The answer I am looking for is irelevent of this anyway, I only gave it for context. I need to know if I can calculate the torque effect in the y-axis using the projected forces, as mentioned in my previous post.

Thank you for the quick reply, haruspex, I hope you can help me find the answer.

John

 

[haruspex]

self aligning torque of each wheel

Is that the torque you are interested in? If so, I misunderstood; I had thought you were interested in torque on the board as a whole.
Self-aligning torque acts to restore alignment. When the wheels are perfectly aligned there is no torque.
Even when not perfectly aligned, if the bogey is rotating steadily (about a vertical axis) to restore alignment, still no torque. That torque acts to change the rotation rate of the bogey. Is that really what you are asking about?

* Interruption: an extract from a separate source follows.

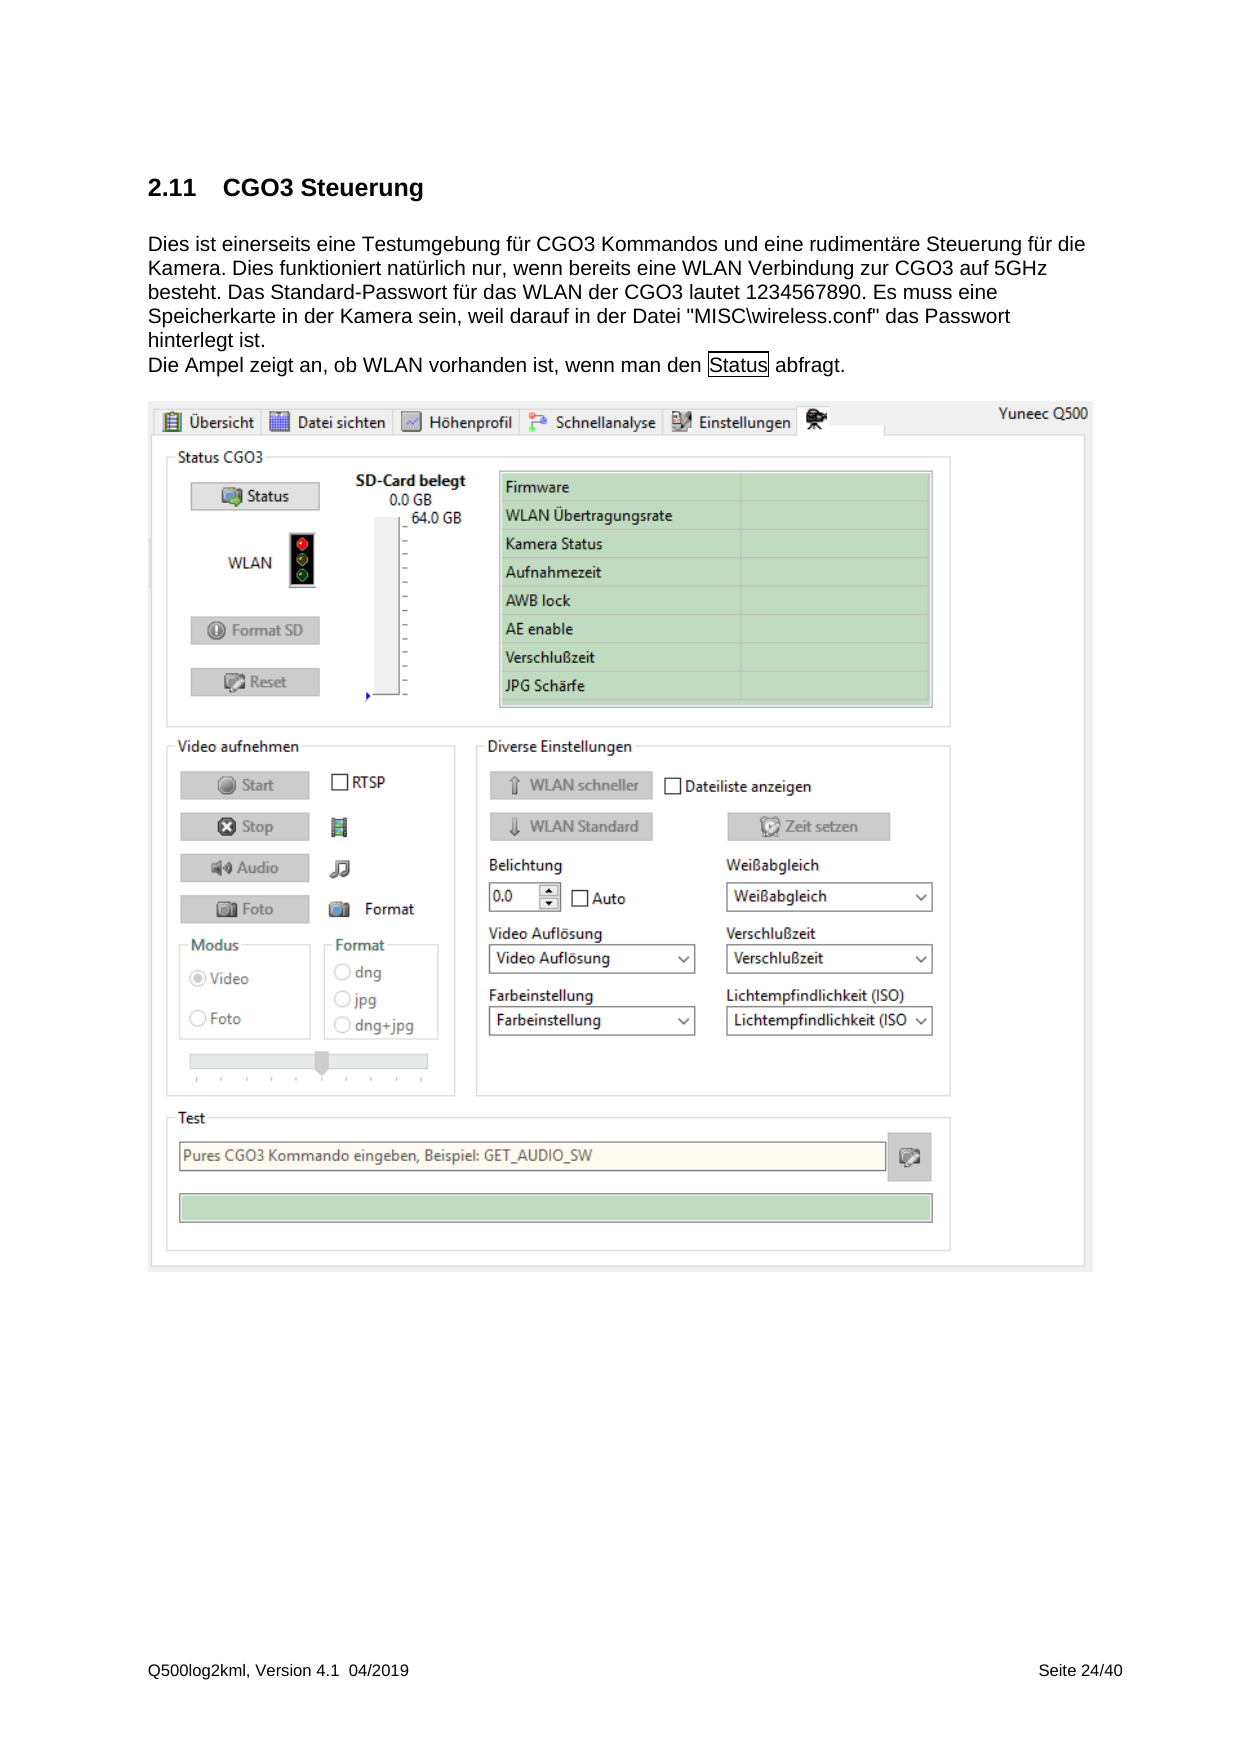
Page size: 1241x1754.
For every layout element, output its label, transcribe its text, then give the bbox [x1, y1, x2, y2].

T is a function of longitudinal slip

needs to be a side slip in order for turning to happen

Thanks for clarifying what slip means here. But whether such slips are needed to create these forces or they are merely side effects of these forces while rolling is moot. E.g. if we replace a rubber tire on road with a steel tire on a pinion track we still get these forces without slip.
Saying the slip causes the forces is like saying that when I use a lever it is the bending strain in the lever that produces the force on the object. It is a reasonable statement but too detailed a view for most purposes.

without the S forces, it would never turn.

Yes, and I did not disagree with that. I wrote that the S forces do not need to produce a torque when maintaining a constant speed around a curve. A torque on the board is needed to change speed during a turn, or to change radius of turn.

So, please clarify, which torque is of interest to you?